È vero: gli attacchi ransomware subiti di recente, WannaCry e Petya, hanno spinto molte aziende ad aumentare il tetto degli investimenti in sicurezza informatica, che crescerà ancora, secondo alcune previsioni, nei prossimi anni. Ma c’è ancora tanto da fare. Ad esempio, una parte delle imprese è colpita dagli hacker tramite degli exploit, malware che sfruttano delle vulnerabilità, alcune anche vecchie di molti anni. Tante ancora non concepiscono, infatti, l’importanza di mantenere aggiornati i propri dispositivi, update che servono proprio per correggere le falle sfruttate dai cybercriminali

Poi c’è il fattore umano, anello debole dalla catena. Poche sono le società che diffondono, infatti, una cultura della sicurezza informatica. Come risultato, un comportamento scellerato di un dipendente – che per esempio apre un’email sospetta – rischia di spalancare le porte ai pirati informatici. In molti, inoltre, rilevano al telefono dati riservati, cadendo nella trappola orchestrata dagli hacker.

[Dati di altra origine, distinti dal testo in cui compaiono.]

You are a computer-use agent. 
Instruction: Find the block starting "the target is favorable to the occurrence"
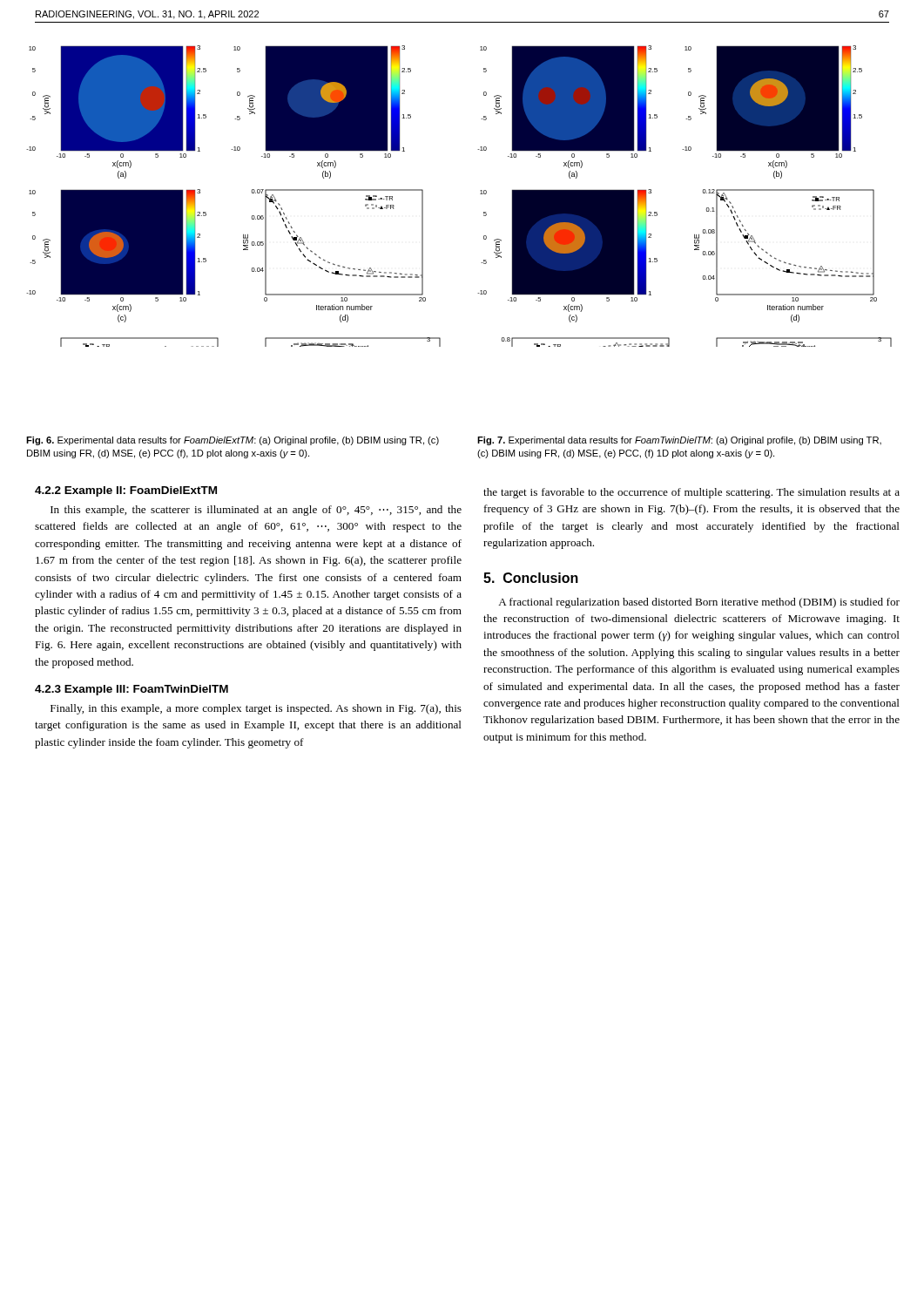tap(691, 517)
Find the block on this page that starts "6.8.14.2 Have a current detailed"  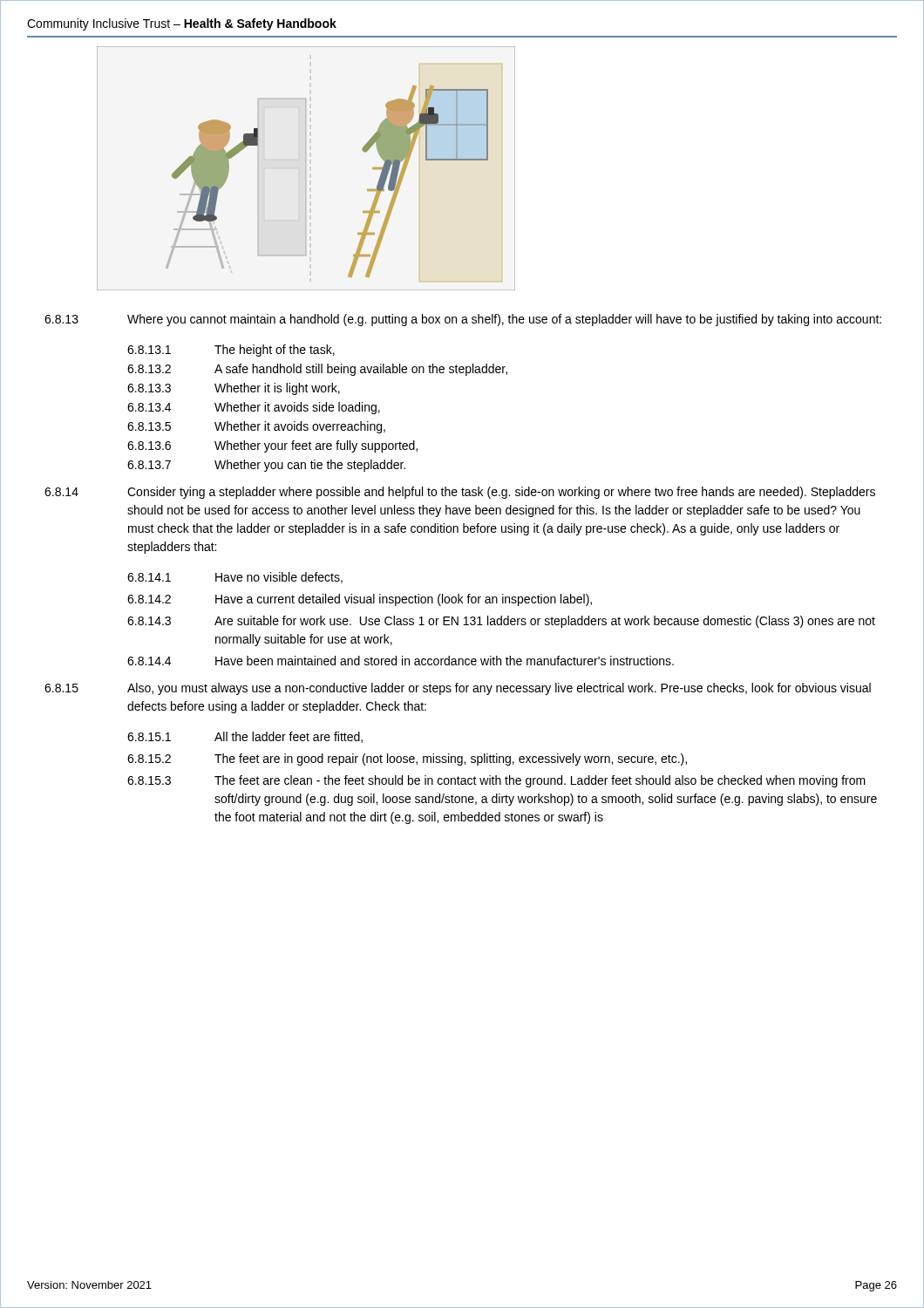pos(508,599)

Sembrerebbe, comunque, che a minare la sicurezza informatica aziendale sia la scelta di credenziali molto deboli. Gli hacker, senza utilizzare particolari sistemi, sono abili a indovinare password e username. Per pigrizia molti utenti, infatti, scelgono chiavi deboli e facili da ricordare, mettendo così a rischio la cybersecurity dell’impresa.

Dunque, si capisce che per evitare il problema, l’unica soluzione è quella di utilizzare password più complesse e difficili per gli hacker da violare. Un’azione necessaria per le aziende per limitare le violazioni e quindi anche gli esborsi di denaro per porre rimedio ai danni subiti.